Wir fuhren pünktlich los, sodass Elias rechtzeitig in der Halle war. Er drückte mir mein Ticket in die Hand und verschwand durch den Sportlereingang nach innen. Ich wollte gerade zum Haupteingang, da kam Magnus mir entgegen. Wir nahmen uns kurz in den Arm und er fragte dann, wie es mir gehe. „Wir konnten alles klären. Elias ist da super entspannt. Karl ist glaub der härtere Brocken", machte ich dem Dänen klar. „Das ist auch im Training so", lachte der Handballer, „Karl darfst du nichts sagen, er ist schnell eingeschnappt." „Er hat das doch gar nicht nötig. Ich weiß auch nicht, sein Verhalten widerspricht seinen Worten. Er sagt immer, er gönnt mir das alles mit Elias und die Beziehung, aber dann passiert halt sowas wie am Freitag." Magnus meinte: „Kannst du dir erklären, warum er sich so verhält?" Ich nickte. Ich kannte die Erklärung nur zu gut. Und irgendwie bekam ich das Gefühl, auch Magnus würde die Wahrheit kennen. Sein Blick deutete irgendwie daraufhin. „Ich muss rein, sonst muss ich Strafe zahlen", wechselte er das Thema. Ich wünschte ihm viel Erfolg und ging nachdenklich die Treppenstufen nach oben.

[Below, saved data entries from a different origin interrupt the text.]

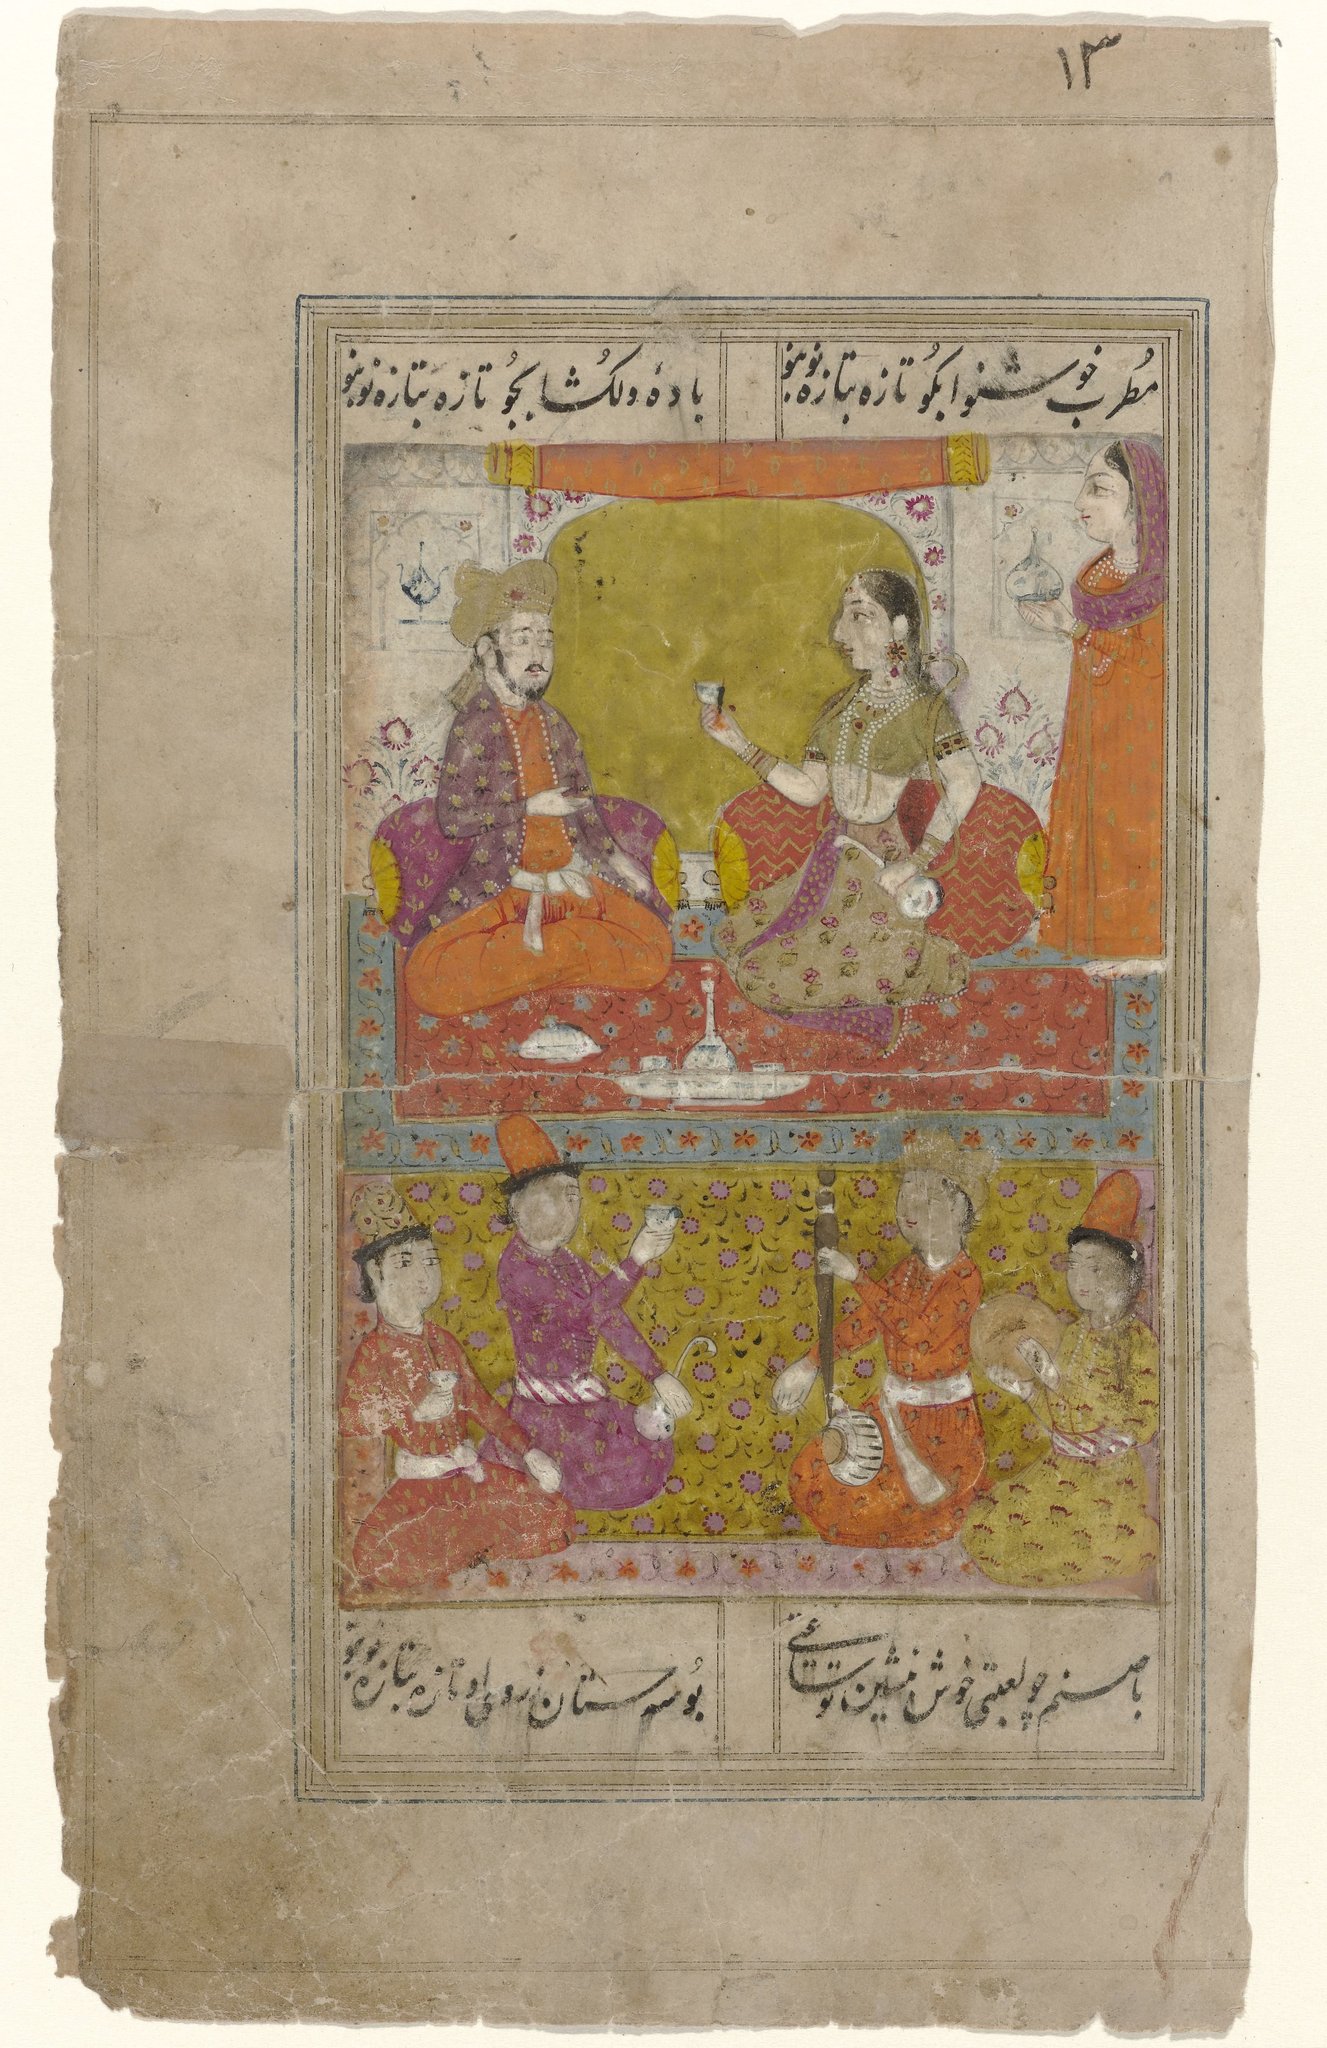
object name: indian miniature
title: Twee banen met een paartje op de bovenste baan en vier musici op de onderste
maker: Anonymous
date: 1790-1810
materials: paper
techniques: brush
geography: kashmir
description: Het blad is in twee banen verdeeld met een paartje en musici boven en onder en twee eenregelige kolommen tekst boven en onder de voorstelling in oud-Perzisch schrift; op verso een tekst in ruitvormen.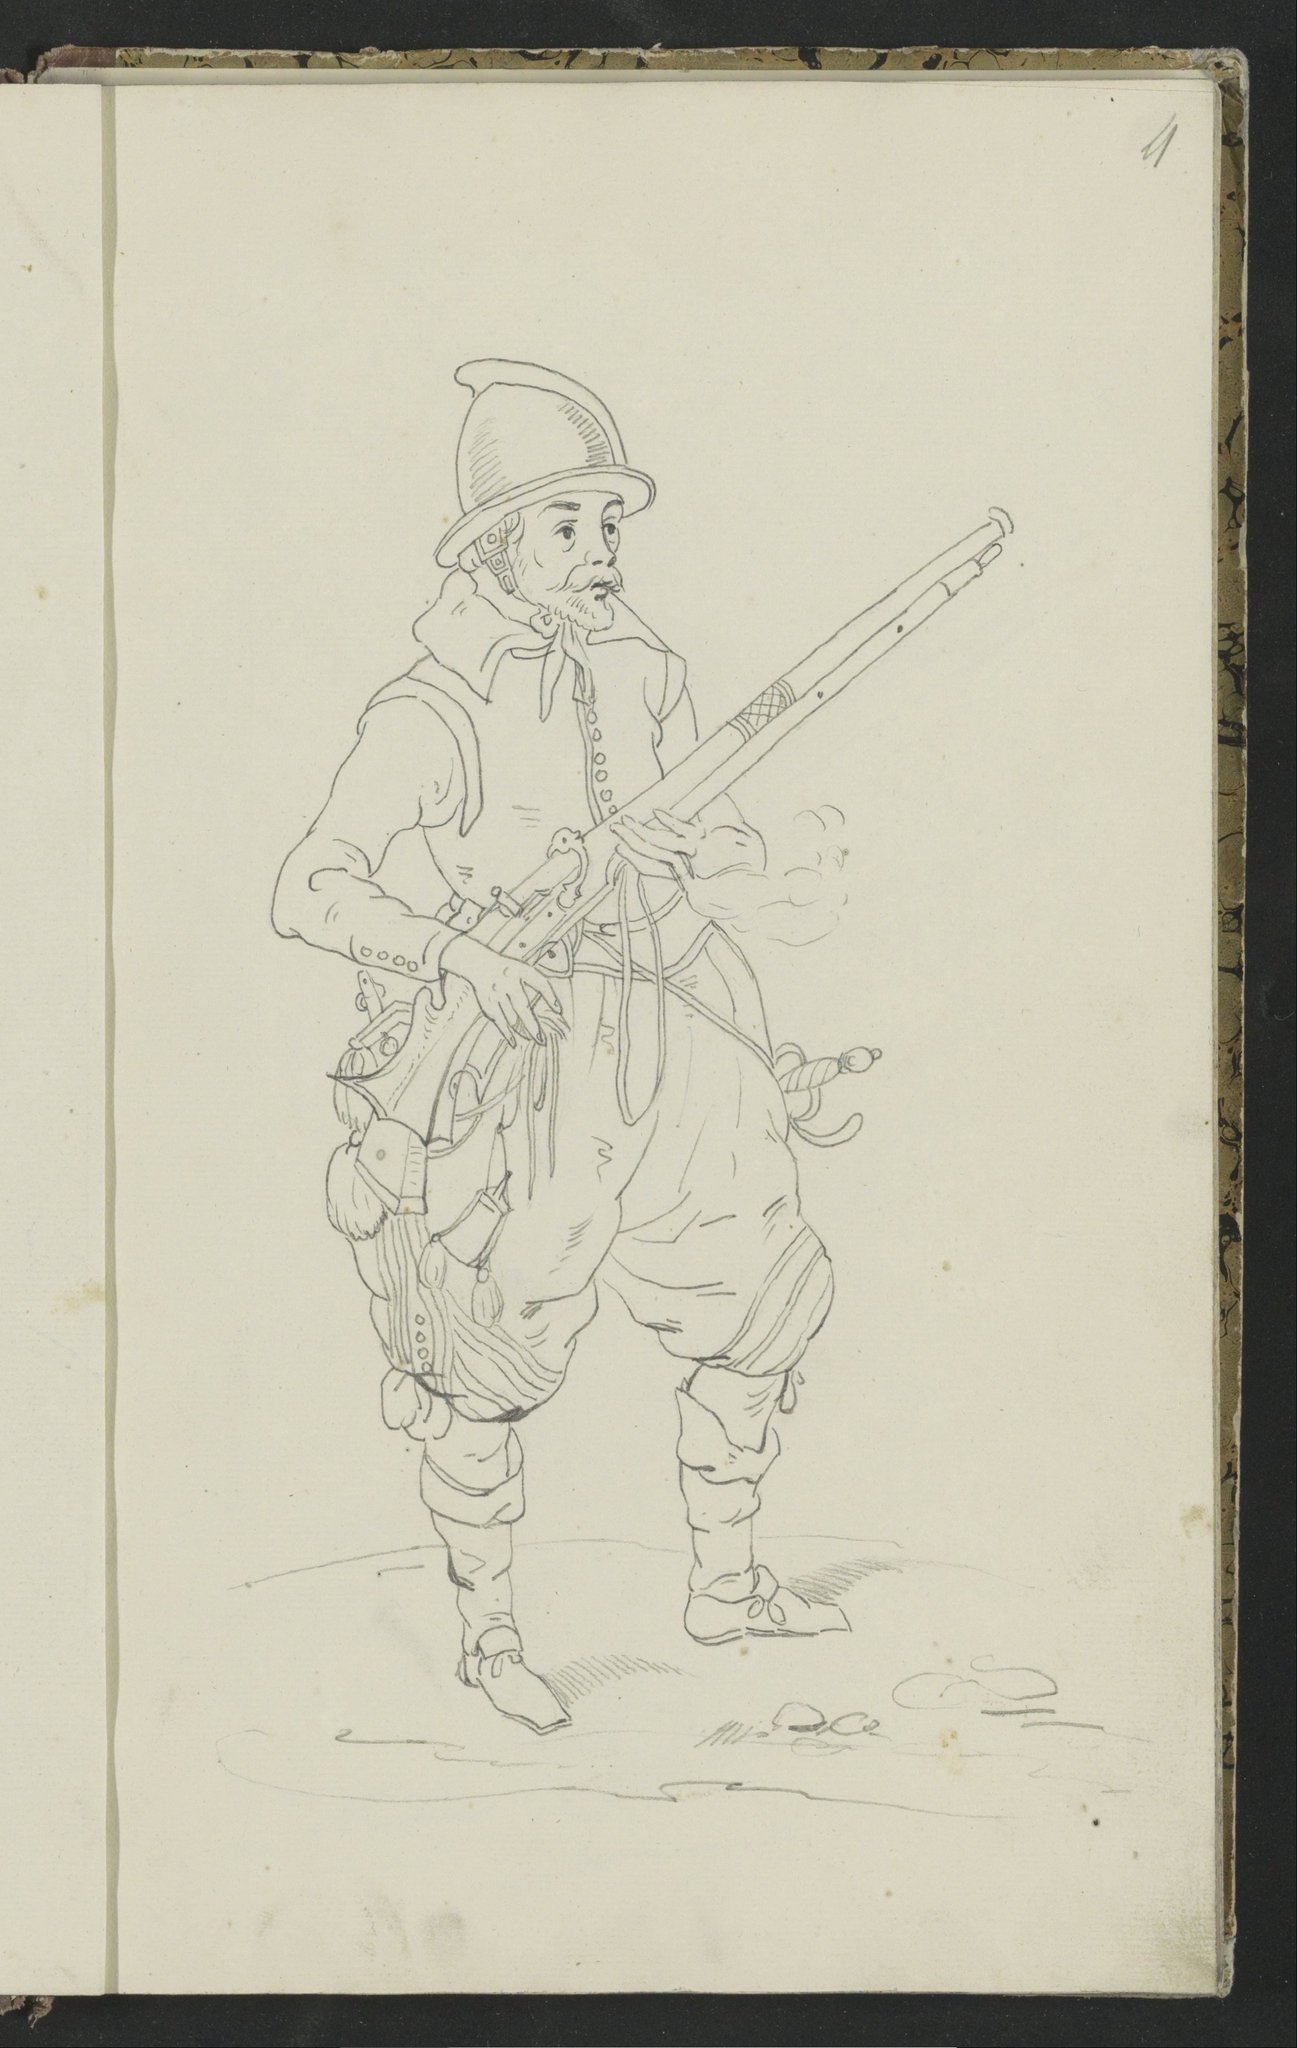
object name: sketchbook leaf
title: Soldaat die zijn musket in beiden handen draagt
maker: johannes antonius canta
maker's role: draughtsman, painter
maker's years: 1816-1888
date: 1826-1888
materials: paper, pencil
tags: firearms, (military) uniforms
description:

Ich setzte mich auf meinen Platz und beobachtete das Treiben auf dem Spielfeld. Noch war es ruhig in der Halle. Ein paar Helfer erledigten unten die letzten Reste, bereiteten die Technik vor und nach und nach füllte sich dann auch die Arena und die ersten Spieler kamen auf das Feld. Karl steuerte direkt auf mich zu. Gestern hatten wir nicht mehr gesprochen und den Tag heute hatte ich bei Elias verbracht. „Es tut mir leid wegen Freitag!", entschuldigte er sich mehrfach bei mir. Ich nahm ihn in den Arm und beruhigte ihn. Er war richtig aufgewühlt deswegen. Das merkte man ihm an und genau deswegen hatte ich Bedenken - er sollte sich auf das anstehende Spiel konzentrieren und nicht darauf, was er am Freitag falsch gemacht hatte. „Karl, hey, ich hab alles mit Elias geklärt. Ich wollte ihn aus der ganzen Geschichte raushalten, vielleicht hätte ich dir das sagen sollen. Gib dir bitte nicht die Schuld dafür!" „Magnus gibt sie mir offensichtlich", brummte er. „Weiß er das mit Elias und dir?", fragte ich meinen Mitbewohner ganz direkt. Der Blick vorhin, seine Worte, die schnelle Flucht - es deutete viel darauf hin. Karl seufzte: „Er hat uns relativ zu Beginn erwischt. Nach dem Training beim Duschen. Er hat nie wieder ein Wort darüber verloren."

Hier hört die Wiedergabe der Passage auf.